Instructions to follow: For the data below, restate word for word only the lines from the line containing "Your answer should be compact. -0.51." through the line containing "Denmark in 2010 and that in 2014?", both ends included.

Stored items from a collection
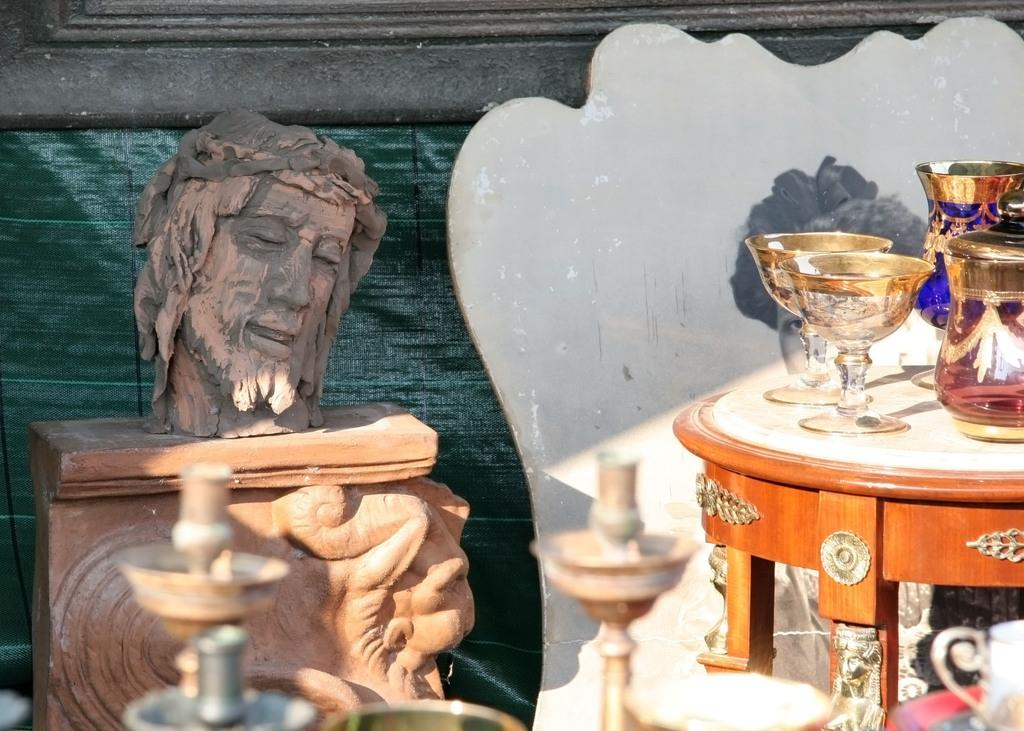What is the main subject in the image? There is a sculpture in the image. What other objects are visible in the image? There are glasses and jugs visible in the image. Where are all the mentioned objects located? All the mentioned objects are on a table. What type of guide is present in the image? There is no guide present in the image; it features a sculpture, glasses, and jugs on a table. What is the mist like in the image? There is no mist present in the image; it is a still image featuring a sculpture, glasses, and jugs on a table. 
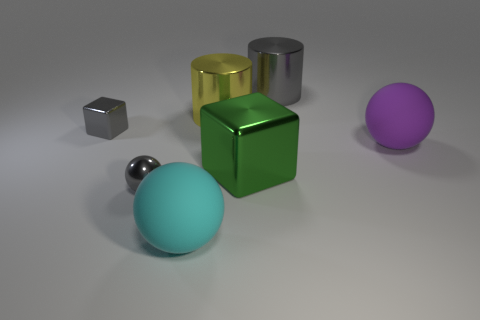Subtract all matte spheres. How many spheres are left? 1 Subtract 1 cylinders. How many cylinders are left? 1 Subtract all cyan balls. How many balls are left? 2 Add 3 purple matte spheres. How many objects exist? 10 Subtract all balls. How many objects are left? 4 Subtract all brown spheres. Subtract all blue cylinders. How many spheres are left? 3 Subtract all red balls. How many cyan cubes are left? 0 Subtract all tiny metallic spheres. Subtract all yellow objects. How many objects are left? 5 Add 3 metallic objects. How many metallic objects are left? 8 Add 3 metallic cubes. How many metallic cubes exist? 5 
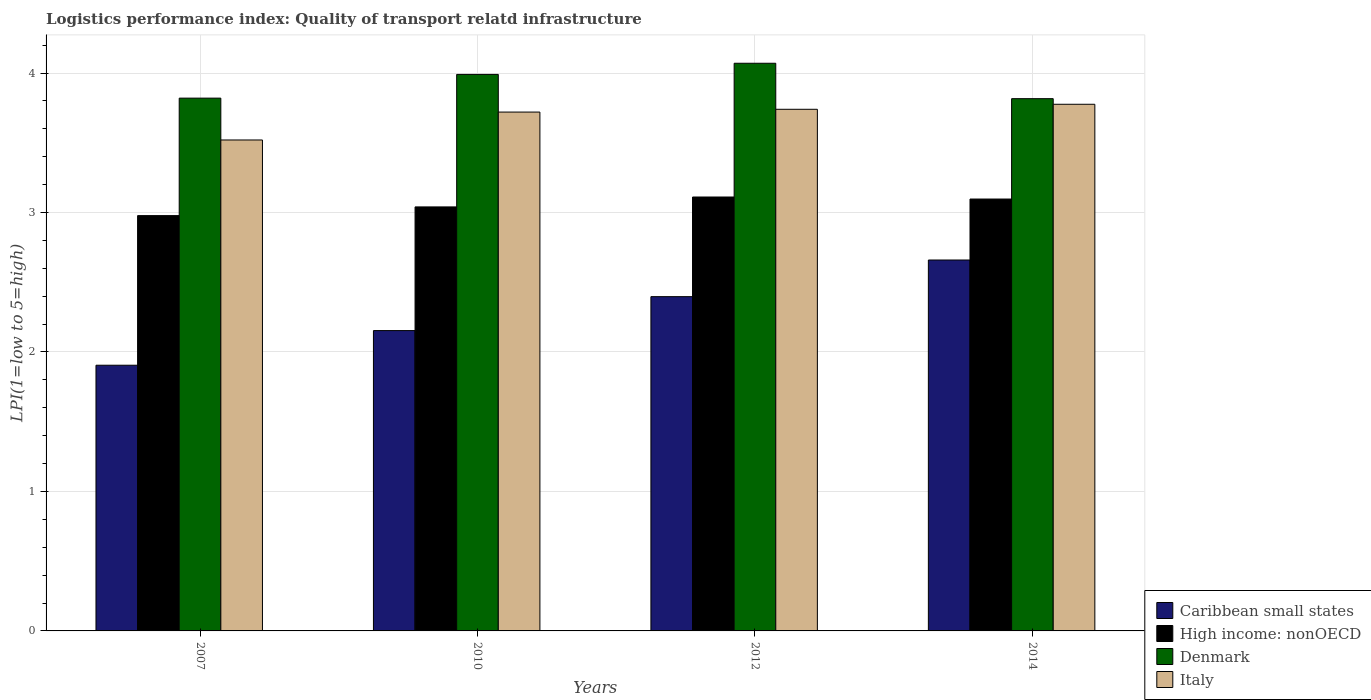How many different coloured bars are there?
Your response must be concise. 4. Are the number of bars per tick equal to the number of legend labels?
Give a very brief answer. Yes. Are the number of bars on each tick of the X-axis equal?
Offer a terse response. Yes. How many bars are there on the 3rd tick from the right?
Your answer should be compact. 4. What is the label of the 4th group of bars from the left?
Offer a very short reply. 2014. In how many cases, is the number of bars for a given year not equal to the number of legend labels?
Offer a terse response. 0. What is the logistics performance index in High income: nonOECD in 2007?
Provide a short and direct response. 2.98. Across all years, what is the maximum logistics performance index in Italy?
Your answer should be compact. 3.78. Across all years, what is the minimum logistics performance index in Caribbean small states?
Make the answer very short. 1.91. In which year was the logistics performance index in Italy maximum?
Provide a succinct answer. 2014. In which year was the logistics performance index in Italy minimum?
Ensure brevity in your answer.  2007. What is the total logistics performance index in Caribbean small states in the graph?
Your answer should be very brief. 9.11. What is the difference between the logistics performance index in Caribbean small states in 2010 and that in 2014?
Your response must be concise. -0.51. What is the difference between the logistics performance index in Denmark in 2007 and the logistics performance index in Italy in 2010?
Give a very brief answer. 0.1. What is the average logistics performance index in Caribbean small states per year?
Keep it short and to the point. 2.28. In the year 2007, what is the difference between the logistics performance index in High income: nonOECD and logistics performance index in Caribbean small states?
Your response must be concise. 1.07. What is the ratio of the logistics performance index in Caribbean small states in 2012 to that in 2014?
Keep it short and to the point. 0.9. Is the logistics performance index in Caribbean small states in 2012 less than that in 2014?
Your response must be concise. Yes. What is the difference between the highest and the second highest logistics performance index in Denmark?
Make the answer very short. 0.08. What is the difference between the highest and the lowest logistics performance index in Denmark?
Offer a very short reply. 0.25. In how many years, is the logistics performance index in Denmark greater than the average logistics performance index in Denmark taken over all years?
Your answer should be very brief. 2. Is the sum of the logistics performance index in Denmark in 2010 and 2014 greater than the maximum logistics performance index in Italy across all years?
Offer a very short reply. Yes. Is it the case that in every year, the sum of the logistics performance index in Caribbean small states and logistics performance index in Italy is greater than the sum of logistics performance index in High income: nonOECD and logistics performance index in Denmark?
Give a very brief answer. Yes. What does the 1st bar from the left in 2007 represents?
Ensure brevity in your answer.  Caribbean small states. What does the 4th bar from the right in 2007 represents?
Offer a very short reply. Caribbean small states. How many bars are there?
Make the answer very short. 16. Are all the bars in the graph horizontal?
Your response must be concise. No. How many years are there in the graph?
Your response must be concise. 4. Are the values on the major ticks of Y-axis written in scientific E-notation?
Offer a very short reply. No. Does the graph contain any zero values?
Provide a succinct answer. No. Does the graph contain grids?
Offer a very short reply. Yes. Where does the legend appear in the graph?
Give a very brief answer. Bottom right. How many legend labels are there?
Ensure brevity in your answer.  4. What is the title of the graph?
Your answer should be very brief. Logistics performance index: Quality of transport relatd infrastructure. Does "Switzerland" appear as one of the legend labels in the graph?
Your answer should be compact. No. What is the label or title of the X-axis?
Offer a very short reply. Years. What is the label or title of the Y-axis?
Your response must be concise. LPI(1=low to 5=high). What is the LPI(1=low to 5=high) in Caribbean small states in 2007?
Give a very brief answer. 1.91. What is the LPI(1=low to 5=high) of High income: nonOECD in 2007?
Make the answer very short. 2.98. What is the LPI(1=low to 5=high) of Denmark in 2007?
Offer a very short reply. 3.82. What is the LPI(1=low to 5=high) in Italy in 2007?
Ensure brevity in your answer.  3.52. What is the LPI(1=low to 5=high) of Caribbean small states in 2010?
Your response must be concise. 2.15. What is the LPI(1=low to 5=high) in High income: nonOECD in 2010?
Give a very brief answer. 3.04. What is the LPI(1=low to 5=high) of Denmark in 2010?
Your response must be concise. 3.99. What is the LPI(1=low to 5=high) of Italy in 2010?
Keep it short and to the point. 3.72. What is the LPI(1=low to 5=high) of Caribbean small states in 2012?
Your response must be concise. 2.4. What is the LPI(1=low to 5=high) of High income: nonOECD in 2012?
Offer a terse response. 3.11. What is the LPI(1=low to 5=high) of Denmark in 2012?
Provide a succinct answer. 4.07. What is the LPI(1=low to 5=high) in Italy in 2012?
Ensure brevity in your answer.  3.74. What is the LPI(1=low to 5=high) of Caribbean small states in 2014?
Your answer should be very brief. 2.66. What is the LPI(1=low to 5=high) of High income: nonOECD in 2014?
Provide a short and direct response. 3.1. What is the LPI(1=low to 5=high) in Denmark in 2014?
Your answer should be compact. 3.82. What is the LPI(1=low to 5=high) of Italy in 2014?
Your answer should be very brief. 3.78. Across all years, what is the maximum LPI(1=low to 5=high) in Caribbean small states?
Your answer should be very brief. 2.66. Across all years, what is the maximum LPI(1=low to 5=high) in High income: nonOECD?
Provide a short and direct response. 3.11. Across all years, what is the maximum LPI(1=low to 5=high) of Denmark?
Keep it short and to the point. 4.07. Across all years, what is the maximum LPI(1=low to 5=high) in Italy?
Offer a very short reply. 3.78. Across all years, what is the minimum LPI(1=low to 5=high) of Caribbean small states?
Give a very brief answer. 1.91. Across all years, what is the minimum LPI(1=low to 5=high) of High income: nonOECD?
Give a very brief answer. 2.98. Across all years, what is the minimum LPI(1=low to 5=high) in Denmark?
Provide a short and direct response. 3.82. Across all years, what is the minimum LPI(1=low to 5=high) of Italy?
Your answer should be compact. 3.52. What is the total LPI(1=low to 5=high) in Caribbean small states in the graph?
Keep it short and to the point. 9.11. What is the total LPI(1=low to 5=high) in High income: nonOECD in the graph?
Your answer should be very brief. 12.23. What is the total LPI(1=low to 5=high) in Denmark in the graph?
Keep it short and to the point. 15.7. What is the total LPI(1=low to 5=high) of Italy in the graph?
Keep it short and to the point. 14.76. What is the difference between the LPI(1=low to 5=high) in Caribbean small states in 2007 and that in 2010?
Ensure brevity in your answer.  -0.25. What is the difference between the LPI(1=low to 5=high) in High income: nonOECD in 2007 and that in 2010?
Keep it short and to the point. -0.06. What is the difference between the LPI(1=low to 5=high) in Denmark in 2007 and that in 2010?
Give a very brief answer. -0.17. What is the difference between the LPI(1=low to 5=high) in Italy in 2007 and that in 2010?
Ensure brevity in your answer.  -0.2. What is the difference between the LPI(1=low to 5=high) of Caribbean small states in 2007 and that in 2012?
Offer a terse response. -0.49. What is the difference between the LPI(1=low to 5=high) of High income: nonOECD in 2007 and that in 2012?
Your answer should be very brief. -0.13. What is the difference between the LPI(1=low to 5=high) of Italy in 2007 and that in 2012?
Provide a short and direct response. -0.22. What is the difference between the LPI(1=low to 5=high) in Caribbean small states in 2007 and that in 2014?
Make the answer very short. -0.75. What is the difference between the LPI(1=low to 5=high) in High income: nonOECD in 2007 and that in 2014?
Provide a succinct answer. -0.12. What is the difference between the LPI(1=low to 5=high) in Denmark in 2007 and that in 2014?
Provide a short and direct response. 0. What is the difference between the LPI(1=low to 5=high) in Italy in 2007 and that in 2014?
Ensure brevity in your answer.  -0.26. What is the difference between the LPI(1=low to 5=high) in Caribbean small states in 2010 and that in 2012?
Your response must be concise. -0.24. What is the difference between the LPI(1=low to 5=high) of High income: nonOECD in 2010 and that in 2012?
Provide a short and direct response. -0.07. What is the difference between the LPI(1=low to 5=high) in Denmark in 2010 and that in 2012?
Your answer should be very brief. -0.08. What is the difference between the LPI(1=low to 5=high) of Italy in 2010 and that in 2012?
Provide a succinct answer. -0.02. What is the difference between the LPI(1=low to 5=high) of Caribbean small states in 2010 and that in 2014?
Your answer should be compact. -0.51. What is the difference between the LPI(1=low to 5=high) in High income: nonOECD in 2010 and that in 2014?
Ensure brevity in your answer.  -0.06. What is the difference between the LPI(1=low to 5=high) of Denmark in 2010 and that in 2014?
Provide a short and direct response. 0.17. What is the difference between the LPI(1=low to 5=high) of Italy in 2010 and that in 2014?
Provide a short and direct response. -0.06. What is the difference between the LPI(1=low to 5=high) in Caribbean small states in 2012 and that in 2014?
Give a very brief answer. -0.26. What is the difference between the LPI(1=low to 5=high) of High income: nonOECD in 2012 and that in 2014?
Give a very brief answer. 0.01. What is the difference between the LPI(1=low to 5=high) in Denmark in 2012 and that in 2014?
Keep it short and to the point. 0.25. What is the difference between the LPI(1=low to 5=high) in Italy in 2012 and that in 2014?
Your response must be concise. -0.04. What is the difference between the LPI(1=low to 5=high) in Caribbean small states in 2007 and the LPI(1=low to 5=high) in High income: nonOECD in 2010?
Your response must be concise. -1.14. What is the difference between the LPI(1=low to 5=high) of Caribbean small states in 2007 and the LPI(1=low to 5=high) of Denmark in 2010?
Keep it short and to the point. -2.08. What is the difference between the LPI(1=low to 5=high) in Caribbean small states in 2007 and the LPI(1=low to 5=high) in Italy in 2010?
Offer a terse response. -1.81. What is the difference between the LPI(1=low to 5=high) of High income: nonOECD in 2007 and the LPI(1=low to 5=high) of Denmark in 2010?
Your answer should be compact. -1.01. What is the difference between the LPI(1=low to 5=high) in High income: nonOECD in 2007 and the LPI(1=low to 5=high) in Italy in 2010?
Give a very brief answer. -0.74. What is the difference between the LPI(1=low to 5=high) of Caribbean small states in 2007 and the LPI(1=low to 5=high) of High income: nonOECD in 2012?
Provide a succinct answer. -1.21. What is the difference between the LPI(1=low to 5=high) in Caribbean small states in 2007 and the LPI(1=low to 5=high) in Denmark in 2012?
Give a very brief answer. -2.17. What is the difference between the LPI(1=low to 5=high) in Caribbean small states in 2007 and the LPI(1=low to 5=high) in Italy in 2012?
Ensure brevity in your answer.  -1.83. What is the difference between the LPI(1=low to 5=high) in High income: nonOECD in 2007 and the LPI(1=low to 5=high) in Denmark in 2012?
Give a very brief answer. -1.09. What is the difference between the LPI(1=low to 5=high) of High income: nonOECD in 2007 and the LPI(1=low to 5=high) of Italy in 2012?
Make the answer very short. -0.76. What is the difference between the LPI(1=low to 5=high) in Denmark in 2007 and the LPI(1=low to 5=high) in Italy in 2012?
Give a very brief answer. 0.08. What is the difference between the LPI(1=low to 5=high) in Caribbean small states in 2007 and the LPI(1=low to 5=high) in High income: nonOECD in 2014?
Give a very brief answer. -1.19. What is the difference between the LPI(1=low to 5=high) of Caribbean small states in 2007 and the LPI(1=low to 5=high) of Denmark in 2014?
Keep it short and to the point. -1.91. What is the difference between the LPI(1=low to 5=high) in Caribbean small states in 2007 and the LPI(1=low to 5=high) in Italy in 2014?
Provide a short and direct response. -1.87. What is the difference between the LPI(1=low to 5=high) in High income: nonOECD in 2007 and the LPI(1=low to 5=high) in Denmark in 2014?
Provide a succinct answer. -0.84. What is the difference between the LPI(1=low to 5=high) in High income: nonOECD in 2007 and the LPI(1=low to 5=high) in Italy in 2014?
Provide a short and direct response. -0.8. What is the difference between the LPI(1=low to 5=high) of Denmark in 2007 and the LPI(1=low to 5=high) of Italy in 2014?
Provide a succinct answer. 0.04. What is the difference between the LPI(1=low to 5=high) of Caribbean small states in 2010 and the LPI(1=low to 5=high) of High income: nonOECD in 2012?
Provide a succinct answer. -0.96. What is the difference between the LPI(1=low to 5=high) of Caribbean small states in 2010 and the LPI(1=low to 5=high) of Denmark in 2012?
Offer a terse response. -1.92. What is the difference between the LPI(1=low to 5=high) of Caribbean small states in 2010 and the LPI(1=low to 5=high) of Italy in 2012?
Offer a very short reply. -1.59. What is the difference between the LPI(1=low to 5=high) in High income: nonOECD in 2010 and the LPI(1=low to 5=high) in Denmark in 2012?
Provide a succinct answer. -1.03. What is the difference between the LPI(1=low to 5=high) in High income: nonOECD in 2010 and the LPI(1=low to 5=high) in Italy in 2012?
Provide a short and direct response. -0.7. What is the difference between the LPI(1=low to 5=high) in Caribbean small states in 2010 and the LPI(1=low to 5=high) in High income: nonOECD in 2014?
Give a very brief answer. -0.94. What is the difference between the LPI(1=low to 5=high) in Caribbean small states in 2010 and the LPI(1=low to 5=high) in Denmark in 2014?
Offer a very short reply. -1.66. What is the difference between the LPI(1=low to 5=high) in Caribbean small states in 2010 and the LPI(1=low to 5=high) in Italy in 2014?
Offer a very short reply. -1.62. What is the difference between the LPI(1=low to 5=high) in High income: nonOECD in 2010 and the LPI(1=low to 5=high) in Denmark in 2014?
Provide a succinct answer. -0.78. What is the difference between the LPI(1=low to 5=high) in High income: nonOECD in 2010 and the LPI(1=low to 5=high) in Italy in 2014?
Provide a short and direct response. -0.74. What is the difference between the LPI(1=low to 5=high) of Denmark in 2010 and the LPI(1=low to 5=high) of Italy in 2014?
Your response must be concise. 0.21. What is the difference between the LPI(1=low to 5=high) in Caribbean small states in 2012 and the LPI(1=low to 5=high) in High income: nonOECD in 2014?
Give a very brief answer. -0.7. What is the difference between the LPI(1=low to 5=high) in Caribbean small states in 2012 and the LPI(1=low to 5=high) in Denmark in 2014?
Provide a succinct answer. -1.42. What is the difference between the LPI(1=low to 5=high) in Caribbean small states in 2012 and the LPI(1=low to 5=high) in Italy in 2014?
Your answer should be compact. -1.38. What is the difference between the LPI(1=low to 5=high) in High income: nonOECD in 2012 and the LPI(1=low to 5=high) in Denmark in 2014?
Provide a succinct answer. -0.71. What is the difference between the LPI(1=low to 5=high) of High income: nonOECD in 2012 and the LPI(1=low to 5=high) of Italy in 2014?
Offer a very short reply. -0.66. What is the difference between the LPI(1=low to 5=high) in Denmark in 2012 and the LPI(1=low to 5=high) in Italy in 2014?
Keep it short and to the point. 0.29. What is the average LPI(1=low to 5=high) of Caribbean small states per year?
Offer a very short reply. 2.28. What is the average LPI(1=low to 5=high) in High income: nonOECD per year?
Ensure brevity in your answer.  3.06. What is the average LPI(1=low to 5=high) in Denmark per year?
Offer a very short reply. 3.92. What is the average LPI(1=low to 5=high) of Italy per year?
Provide a short and direct response. 3.69. In the year 2007, what is the difference between the LPI(1=low to 5=high) in Caribbean small states and LPI(1=low to 5=high) in High income: nonOECD?
Your response must be concise. -1.07. In the year 2007, what is the difference between the LPI(1=low to 5=high) in Caribbean small states and LPI(1=low to 5=high) in Denmark?
Your response must be concise. -1.92. In the year 2007, what is the difference between the LPI(1=low to 5=high) of Caribbean small states and LPI(1=low to 5=high) of Italy?
Your answer should be very brief. -1.61. In the year 2007, what is the difference between the LPI(1=low to 5=high) in High income: nonOECD and LPI(1=low to 5=high) in Denmark?
Your answer should be compact. -0.84. In the year 2007, what is the difference between the LPI(1=low to 5=high) of High income: nonOECD and LPI(1=low to 5=high) of Italy?
Offer a terse response. -0.54. In the year 2010, what is the difference between the LPI(1=low to 5=high) in Caribbean small states and LPI(1=low to 5=high) in High income: nonOECD?
Provide a succinct answer. -0.89. In the year 2010, what is the difference between the LPI(1=low to 5=high) of Caribbean small states and LPI(1=low to 5=high) of Denmark?
Keep it short and to the point. -1.84. In the year 2010, what is the difference between the LPI(1=low to 5=high) in Caribbean small states and LPI(1=low to 5=high) in Italy?
Make the answer very short. -1.57. In the year 2010, what is the difference between the LPI(1=low to 5=high) in High income: nonOECD and LPI(1=low to 5=high) in Denmark?
Provide a short and direct response. -0.95. In the year 2010, what is the difference between the LPI(1=low to 5=high) of High income: nonOECD and LPI(1=low to 5=high) of Italy?
Ensure brevity in your answer.  -0.68. In the year 2010, what is the difference between the LPI(1=low to 5=high) of Denmark and LPI(1=low to 5=high) of Italy?
Give a very brief answer. 0.27. In the year 2012, what is the difference between the LPI(1=low to 5=high) in Caribbean small states and LPI(1=low to 5=high) in High income: nonOECD?
Provide a succinct answer. -0.71. In the year 2012, what is the difference between the LPI(1=low to 5=high) in Caribbean small states and LPI(1=low to 5=high) in Denmark?
Make the answer very short. -1.67. In the year 2012, what is the difference between the LPI(1=low to 5=high) in Caribbean small states and LPI(1=low to 5=high) in Italy?
Ensure brevity in your answer.  -1.34. In the year 2012, what is the difference between the LPI(1=low to 5=high) of High income: nonOECD and LPI(1=low to 5=high) of Denmark?
Your answer should be very brief. -0.96. In the year 2012, what is the difference between the LPI(1=low to 5=high) in High income: nonOECD and LPI(1=low to 5=high) in Italy?
Offer a terse response. -0.63. In the year 2012, what is the difference between the LPI(1=low to 5=high) of Denmark and LPI(1=low to 5=high) of Italy?
Your answer should be very brief. 0.33. In the year 2014, what is the difference between the LPI(1=low to 5=high) in Caribbean small states and LPI(1=low to 5=high) in High income: nonOECD?
Offer a very short reply. -0.44. In the year 2014, what is the difference between the LPI(1=low to 5=high) in Caribbean small states and LPI(1=low to 5=high) in Denmark?
Keep it short and to the point. -1.16. In the year 2014, what is the difference between the LPI(1=low to 5=high) of Caribbean small states and LPI(1=low to 5=high) of Italy?
Ensure brevity in your answer.  -1.12. In the year 2014, what is the difference between the LPI(1=low to 5=high) in High income: nonOECD and LPI(1=low to 5=high) in Denmark?
Give a very brief answer. -0.72. In the year 2014, what is the difference between the LPI(1=low to 5=high) of High income: nonOECD and LPI(1=low to 5=high) of Italy?
Offer a terse response. -0.68. In the year 2014, what is the difference between the LPI(1=low to 5=high) of Denmark and LPI(1=low to 5=high) of Italy?
Keep it short and to the point. 0.04. What is the ratio of the LPI(1=low to 5=high) in Caribbean small states in 2007 to that in 2010?
Keep it short and to the point. 0.88. What is the ratio of the LPI(1=low to 5=high) of High income: nonOECD in 2007 to that in 2010?
Provide a succinct answer. 0.98. What is the ratio of the LPI(1=low to 5=high) of Denmark in 2007 to that in 2010?
Provide a short and direct response. 0.96. What is the ratio of the LPI(1=low to 5=high) of Italy in 2007 to that in 2010?
Keep it short and to the point. 0.95. What is the ratio of the LPI(1=low to 5=high) in Caribbean small states in 2007 to that in 2012?
Make the answer very short. 0.79. What is the ratio of the LPI(1=low to 5=high) in High income: nonOECD in 2007 to that in 2012?
Provide a succinct answer. 0.96. What is the ratio of the LPI(1=low to 5=high) of Denmark in 2007 to that in 2012?
Keep it short and to the point. 0.94. What is the ratio of the LPI(1=low to 5=high) of Caribbean small states in 2007 to that in 2014?
Your answer should be compact. 0.72. What is the ratio of the LPI(1=low to 5=high) of High income: nonOECD in 2007 to that in 2014?
Ensure brevity in your answer.  0.96. What is the ratio of the LPI(1=low to 5=high) in Denmark in 2007 to that in 2014?
Offer a very short reply. 1. What is the ratio of the LPI(1=low to 5=high) in Italy in 2007 to that in 2014?
Make the answer very short. 0.93. What is the ratio of the LPI(1=low to 5=high) of Caribbean small states in 2010 to that in 2012?
Offer a terse response. 0.9. What is the ratio of the LPI(1=low to 5=high) of High income: nonOECD in 2010 to that in 2012?
Ensure brevity in your answer.  0.98. What is the ratio of the LPI(1=low to 5=high) of Denmark in 2010 to that in 2012?
Provide a succinct answer. 0.98. What is the ratio of the LPI(1=low to 5=high) of Caribbean small states in 2010 to that in 2014?
Offer a very short reply. 0.81. What is the ratio of the LPI(1=low to 5=high) of High income: nonOECD in 2010 to that in 2014?
Offer a very short reply. 0.98. What is the ratio of the LPI(1=low to 5=high) of Denmark in 2010 to that in 2014?
Keep it short and to the point. 1.05. What is the ratio of the LPI(1=low to 5=high) in Italy in 2010 to that in 2014?
Your response must be concise. 0.99. What is the ratio of the LPI(1=low to 5=high) of Caribbean small states in 2012 to that in 2014?
Provide a short and direct response. 0.9. What is the ratio of the LPI(1=low to 5=high) in Denmark in 2012 to that in 2014?
Provide a succinct answer. 1.07. What is the difference between the highest and the second highest LPI(1=low to 5=high) of Caribbean small states?
Your answer should be very brief. 0.26. What is the difference between the highest and the second highest LPI(1=low to 5=high) of High income: nonOECD?
Provide a succinct answer. 0.01. What is the difference between the highest and the second highest LPI(1=low to 5=high) in Italy?
Provide a short and direct response. 0.04. What is the difference between the highest and the lowest LPI(1=low to 5=high) of Caribbean small states?
Ensure brevity in your answer.  0.75. What is the difference between the highest and the lowest LPI(1=low to 5=high) in High income: nonOECD?
Ensure brevity in your answer.  0.13. What is the difference between the highest and the lowest LPI(1=low to 5=high) of Denmark?
Keep it short and to the point. 0.25. What is the difference between the highest and the lowest LPI(1=low to 5=high) of Italy?
Offer a very short reply. 0.26.

Answer space:
Your answer should be compact. -0.51. What is the difference between the LPI(1=low to 5=high) in High income: nonOECD in 2010 and that in 2014?
Ensure brevity in your answer.  -0.06. What is the difference between the LPI(1=low to 5=high) of Denmark in 2010 and that in 2014?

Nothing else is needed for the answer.